BEGIN Input data

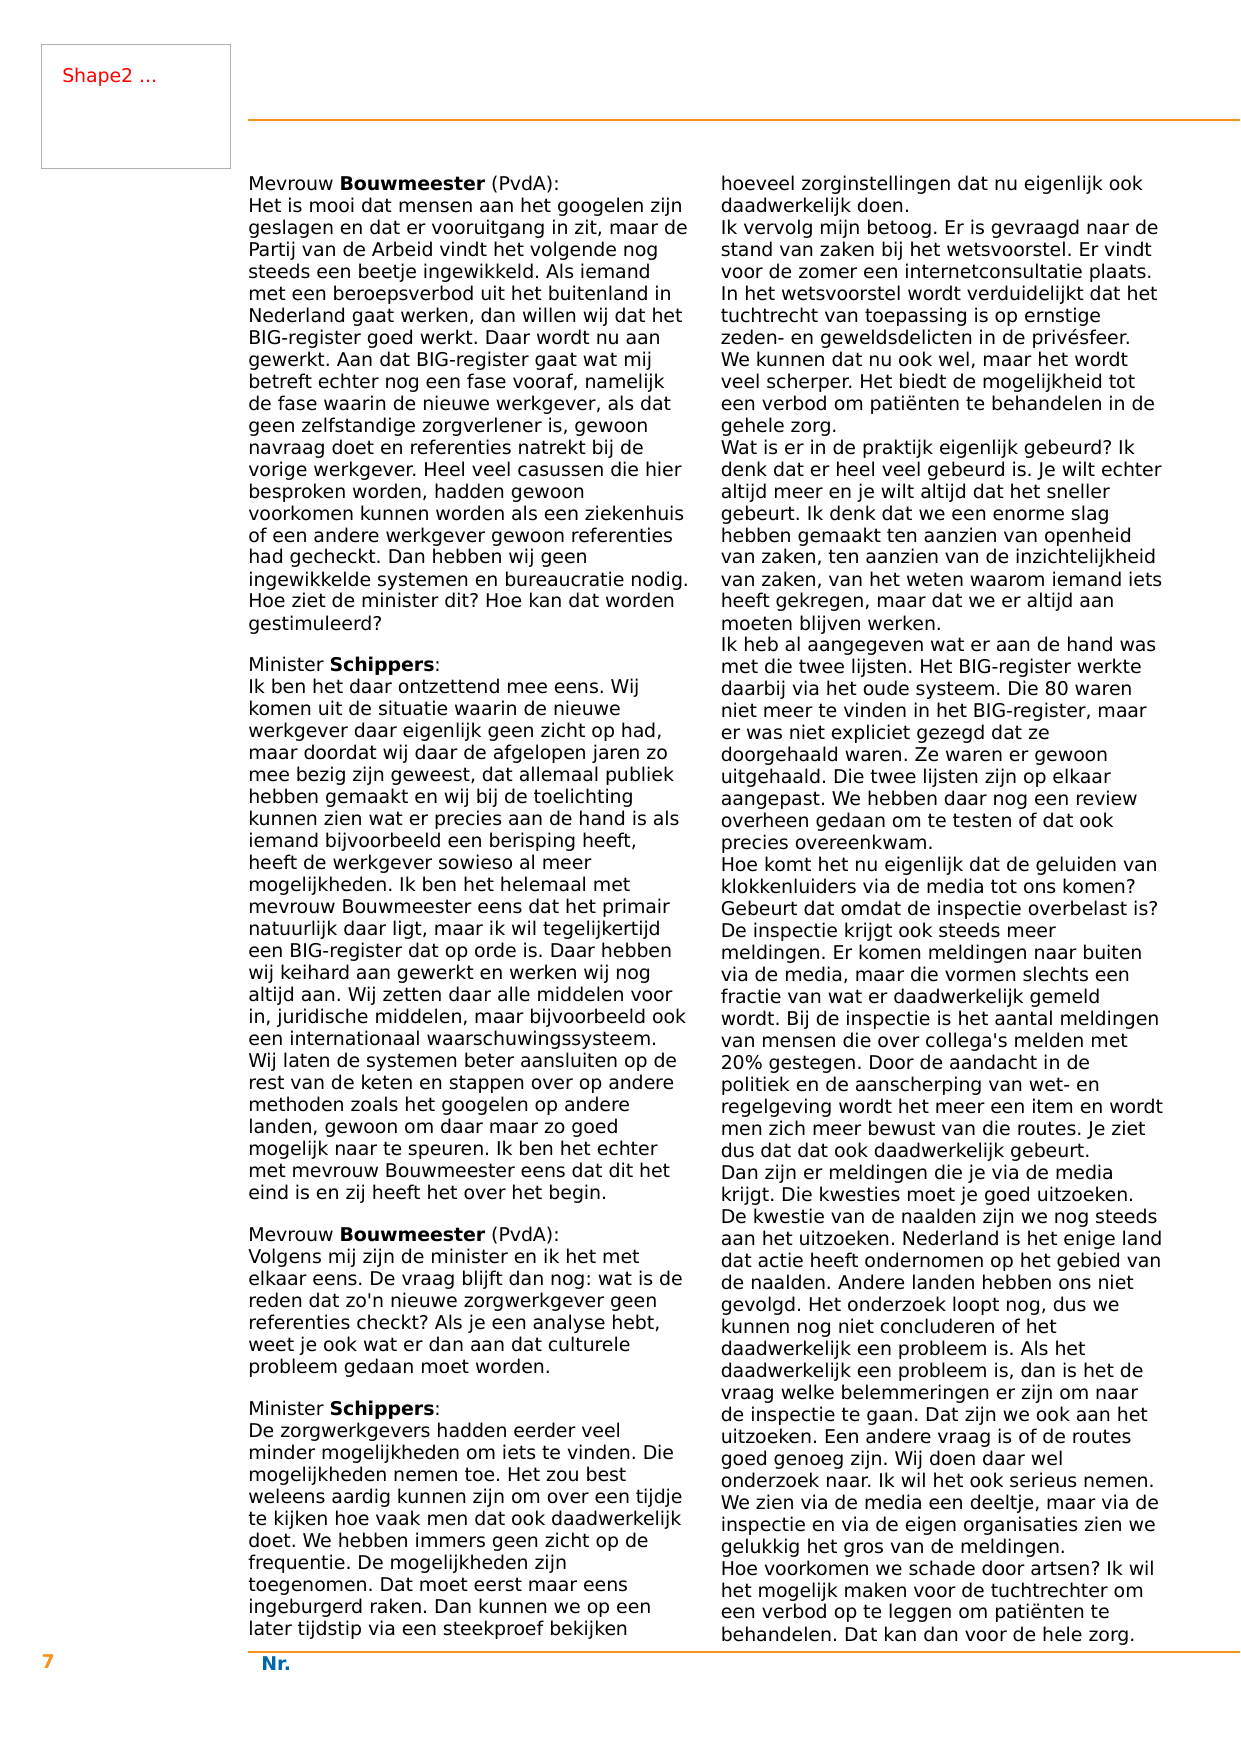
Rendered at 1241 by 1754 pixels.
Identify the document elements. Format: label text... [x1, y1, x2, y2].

text Hoe voorkomen we schade door artsen? Ik wil het mogelijk maken voor de tuchtrechter om een verbod op te leggen om patiënten te behandelen. Dat kan dan voor de hele zorg. [721, 1557, 1163, 1645]
text Volgens mij zijn de minister en ik het met elkaar eens. De vraag blijft dan nog: wat is de reden dat zo'n nieuwe zorgwerkgever geen referenties checkt? Als je een analyse hebt, weet je ook wat er dan aan dat culturele probleem gedaan moet worden. [248, 1246, 691, 1378]
text De zorgwerkgevers hadden eerder veel minder mogelijkheden om iets te vinden. Die mogelijkheden nemen toe. Het zou best weleens aardig kunnen zijn om over een tijdje te kijken hoe vaak men dat ook daadwerkelijk doet. We hebben immers geen zicht op de frequentie. De mogelijkheden zijn toegenomen. Dat moet eerst maar eens ingeburgerd raken. Dan kunnen we op een later tijdstip via een steekproef bekijken [248, 1420, 691, 1639]
text Ik vervolg mijn betoog. Er is gevraagd naar de stand van zaken bij het wetsvoorstel. Er vindt voor de zomer een internetconsultatie plaats. In het wetsvoorstel wordt verduidelijkt dat het tuchtrecht van toepassing is op ernstige zeden- en geweldsdelicten in de privésfeer. We kunnen dat nu ook wel, maar het wordt veel scherper. Het biedt de mogelijkheid tot een verbod om patiënten te behandelen in de gehele zorg. [721, 217, 1163, 437]
text hoeveel zorginstellingen dat nu eigenlijk ook daadwerkelijk doen. [721, 173, 1163, 217]
text Mevrouw Bouwmeester (PvdA): [248, 173, 691, 195]
text Mevrouw Bouwmeester (PvdA): [248, 1224, 691, 1246]
text Wat is er in de praktijk eigenlijk gebeurd? Ik denk dat er heel veel gebeurd is. Je wilt echter altijd meer en je wilt altijd dat het sneller gebeurt. Ik denk dat we een enorme slag hebben gemaakt ten aanzien van openheid van zaken, ten aanzien van de inzichtelijkheid van zaken, van het weten waarom iemand iets heeft gekregen, maar dat we er altijd aan moeten blijven werken. [721, 437, 1163, 634]
text Minister Schippers: [248, 1398, 691, 1420]
text Het is mooi dat mensen aan het googelen zijn geslagen en dat er vooruitgang in zit, maar de Partij van de Arbeid vindt het volgende nog steeds een beetje ingewikkeld. Als iemand met een beroepsverbod uit het buitenland in Nederland gaat werken, dan willen wij dat het BIG-register goed werkt. Daar wordt nu aan gewerkt. Aan dat BIG-register gaat wat mij betreft echter nog een fase vooraf, namelijk de fase waarin de nieuwe werkgever, als dat geen zelfstandige zorgverlener is, gewoon navraag doet en referenties natrekt bij de vorige werkgever. Heel veel casussen die hier besproken worden, hadden gewoon voorkomen kunnen worden als een ziekenhuis of een andere werkgever gewoon referenties had gecheckt. Dan hebben wij geen ingewikkelde systemen en bureaucratie nodig. Hoe ziet de minister dit? Hoe kan dat worden gestimuleerd? [248, 195, 691, 634]
text Minister Schippers: [248, 654, 691, 676]
text Ik heb al aangegeven wat er aan de hand was met die twee lijsten. Het BIG-register werkte daarbij via het oude systeem. Die 80 waren niet meer te vinden in het BIG-register, maar er was niet expliciet gezegd dat ze doorgehaald waren. Ze waren er gewoon uitgehaald. Die twee lijsten zijn op elkaar aangepast. We hebben daar nog een review overheen gedaan om te testen of dat ook precies overeenkwam. [721, 634, 1163, 854]
text Ik ben het daar ontzettend mee eens. Wij komen uit de situatie waarin de nieuwe werkgever daar eigenlijk geen zicht op had, maar doordat wij daar de afgelopen jaren zo mee bezig zijn geweest, dat allemaal publiek hebben gemaakt en wij bij de toelichting kunnen zien wat er precies aan de hand is als iemand bijvoorbeeld een berisping heeft, heeft de werkgever sowieso al meer mogelijkheden. Ik ben het helemaal met mevrouw Bouwmeester eens dat het primair natuurlijk daar ligt, maar ik wil tegelijkertijd een BIG-register dat op orde is. Daar hebben wij keihard aan gewerkt en werken wij nog altijd aan. Wij zetten daar alle middelen voor in, juridische middelen, maar bijvoorbeeld ook een internationaal waarschuwingssysteem. Wij laten de systemen beter aansluiten op de rest van de keten en stappen over op andere methoden zoals het googelen op andere landen, gewoon om daar maar zo goed mogelijk naar te speuren. Ik ben het echter met mevrouw Bouwmeester eens dat dit het eind is en zij heeft het over het begin. [248, 676, 691, 1204]
text Hoe komt het nu eigenlijk dat de geluiden van klokkenluiders via de media tot ons komen? Gebeurt dat omdat de inspectie overbelast is? De inspectie krijgt ook steeds meer meldingen. Er komen meldingen naar buiten via de media, maar die vormen slechts een fractie van wat er daadwerkelijk gemeld wordt. Bij de inspectie is het aantal meldingen van mensen die over collega's melden met 20% gestegen. Door de aandacht in de politiek en de aanscherping van wet- en regelgeving wordt het meer een item en wordt men zich meer bewust van die routes. Je ziet dus dat dat ook daadwerkelijk gebeurt. [721, 854, 1163, 1162]
text Dan zijn er meldingen die je via de media krijgt. Die kwesties moet je goed uitzoeken. De kwestie van de naalden zijn we nog steeds aan het uitzoeken. Nederland is het enige land dat actie heeft ondernomen op het gebied van de naalden. Andere landen hebben ons niet gevolgd. Het onderzoek loopt nog, dus we kunnen nog niet concluderen of het daadwerkelijk een probleem is. Als het daadwerkelijk een probleem is, dan is het de vraag welke belemmeringen er zijn om naar de inspectie te gaan. Dat zijn we ook aan het uitzoeken. Een andere vraag is of de routes goed genoeg zijn. Wij doen daar wel onderzoek naar. Ik wil het ook serieus nemen. We zien via de media een deeltje, maar via de inspectie en via de eigen organisaties zien we gelukkig het gros van de meldingen. [721, 1162, 1163, 1557]

END Input data

• _Problem requirements_
Write the records out again verbatim and omit the pictures they contain.

• _Task solution_
Rendered at 1241 by 1754 pixels.
Identify the document elements. Format: label text... [x1, y1, x2, y2].

text Hoe voorkomen we schade door artsen? Ik wil het mogelijk maken voor de tuchtrechter om een verbod op te leggen om patiënten te behandelen. Dat kan dan voor de hele zorg. [721, 1557, 1163, 1645]
text Volgens mij zijn de minister en ik het met elkaar eens. De vraag blijft dan nog: wat is de reden dat zo'n nieuwe zorgwerkgever geen referenties checkt? Als je een analyse hebt, weet je ook wat er dan aan dat culturele probleem gedaan moet worden. [248, 1246, 691, 1378]
text De zorgwerkgevers hadden eerder veel minder mogelijkheden om iets te vinden. Die mogelijkheden nemen toe. Het zou best weleens aardig kunnen zijn om over een tijdje te kijken hoe vaak men dat ook daadwerkelijk doet. We hebben immers geen zicht op de frequentie. De mogelijkheden zijn toegenomen. Dat moet eerst maar eens ingeburgerd raken. Dan kunnen we op een later tijdstip via een steekproef bekijken [248, 1420, 691, 1639]
text Ik vervolg mijn betoog. Er is gevraagd naar de stand van zaken bij het wetsvoorstel. Er vindt voor de zomer een internetconsultatie plaats. In het wetsvoorstel wordt verduidelijkt dat het tuchtrecht van toepassing is op ernstige zeden- en geweldsdelicten in de privésfeer. We kunnen dat nu ook wel, maar het wordt veel scherper. Het biedt de mogelijkheid tot een verbod om patiënten te behandelen in de gehele zorg. [721, 217, 1163, 437]
text hoeveel zorginstellingen dat nu eigenlijk ook daadwerkelijk doen. [721, 173, 1163, 217]
text Mevrouw Bouwmeester (PvdA): [248, 173, 691, 195]
text Mevrouw Bouwmeester (PvdA): [248, 1224, 691, 1246]
text Wat is er in de praktijk eigenlijk gebeurd? Ik denk dat er heel veel gebeurd is. Je wilt echter altijd meer en je wilt altijd dat het sneller gebeurt. Ik denk dat we een enorme slag hebben gemaakt ten aanzien van openheid van zaken, ten aanzien van de inzichtelijkheid van zaken, van het weten waarom iemand iets heeft gekregen, maar dat we er altijd aan moeten blijven werken. [721, 437, 1163, 634]
text Minister Schippers: [248, 1398, 691, 1420]
text Het is mooi dat mensen aan het googelen zijn geslagen en dat er vooruitgang in zit, maar de Partij van de Arbeid vindt het volgende nog steeds een beetje ingewikkeld. Als iemand met een beroepsverbod uit het buitenland in Nederland gaat werken, dan willen wij dat het BIG-register goed werkt. Daar wordt nu aan gewerkt. Aan dat BIG-register gaat wat mij betreft echter nog een fase vooraf, namelijk de fase waarin de nieuwe werkgever, als dat geen zelfstandige zorgverlener is, gewoon navraag doet en referenties natrekt bij de vorige werkgever. Heel veel casussen die hier besproken worden, hadden gewoon voorkomen kunnen worden als een ziekenhuis of een andere werkgever gewoon referenties had gecheckt. Dan hebben wij geen ingewikkelde systemen en bureaucratie nodig. Hoe ziet de minister dit? Hoe kan dat worden gestimuleerd? [248, 195, 691, 634]
text Minister Schippers: [248, 654, 691, 676]
text Ik heb al aangegeven wat er aan de hand was met die twee lijsten. Het BIG-register werkte daarbij via het oude systeem. Die 80 waren niet meer te vinden in het BIG-register, maar er was niet expliciet gezegd dat ze doorgehaald waren. Ze waren er gewoon uitgehaald. Die twee lijsten zijn op elkaar aangepast. We hebben daar nog een review overheen gedaan om te testen of dat ook precies overeenkwam. [721, 634, 1163, 854]
text Ik ben het daar ontzettend mee eens. Wij komen uit de situatie waarin de nieuwe werkgever daar eigenlijk geen zicht op had, maar doordat wij daar de afgelopen jaren zo mee bezig zijn geweest, dat allemaal publiek hebben gemaakt en wij bij de toelichting kunnen zien wat er precies aan de hand is als iemand bijvoorbeeld een berisping heeft, heeft de werkgever sowieso al meer mogelijkheden. Ik ben het helemaal met mevrouw Bouwmeester eens dat het primair natuurlijk daar ligt, maar ik wil tegelijkertijd een BIG-register dat op orde is. Daar hebben wij keihard aan gewerkt en werken wij nog altijd aan. Wij zetten daar alle middelen voor in, juridische middelen, maar bijvoorbeeld ook een internationaal waarschuwingssysteem. Wij laten de systemen beter aansluiten op de rest van de keten en stappen over op andere methoden zoals het googelen op andere landen, gewoon om daar maar zo goed mogelijk naar te speuren. Ik ben het echter met mevrouw Bouwmeester eens dat dit het eind is en zij heeft het over het begin. [248, 676, 691, 1204]
text Hoe komt het nu eigenlijk dat de geluiden van klokkenluiders via de media tot ons komen? Gebeurt dat omdat de inspectie overbelast is? De inspectie krijgt ook steeds meer meldingen. Er komen meldingen naar buiten via de media, maar die vormen slechts een fractie van wat er daadwerkelijk gemeld wordt. Bij de inspectie is het aantal meldingen van mensen die over collega's melden met 20% gestegen. Door de aandacht in de politiek en de aanscherping van wet- en regelgeving wordt het meer een item en wordt men zich meer bewust van die routes. Je ziet dus dat dat ook daadwerkelijk gebeurt. [721, 854, 1163, 1162]
text Dan zijn er meldingen die je via de media krijgt. Die kwesties moet je goed uitzoeken. De kwestie van de naalden zijn we nog steeds aan het uitzoeken. Nederland is het enige land dat actie heeft ondernomen op het gebied van de naalden. Andere landen hebben ons niet gevolgd. Het onderzoek loopt nog, dus we kunnen nog niet concluderen of het daadwerkelijk een probleem is. Als het daadwerkelijk een probleem is, dan is het de vraag welke belemmeringen er zijn om naar de inspectie te gaan. Dat zijn we ook aan het uitzoeken. Een andere vraag is of de routes goed genoeg zijn. Wij doen daar wel onderzoek naar. Ik wil het ook serieus nemen. We zien via de media een deeltje, maar via de inspectie en via de eigen organisaties zien we gelukkig het gros van de meldingen. [721, 1162, 1163, 1557]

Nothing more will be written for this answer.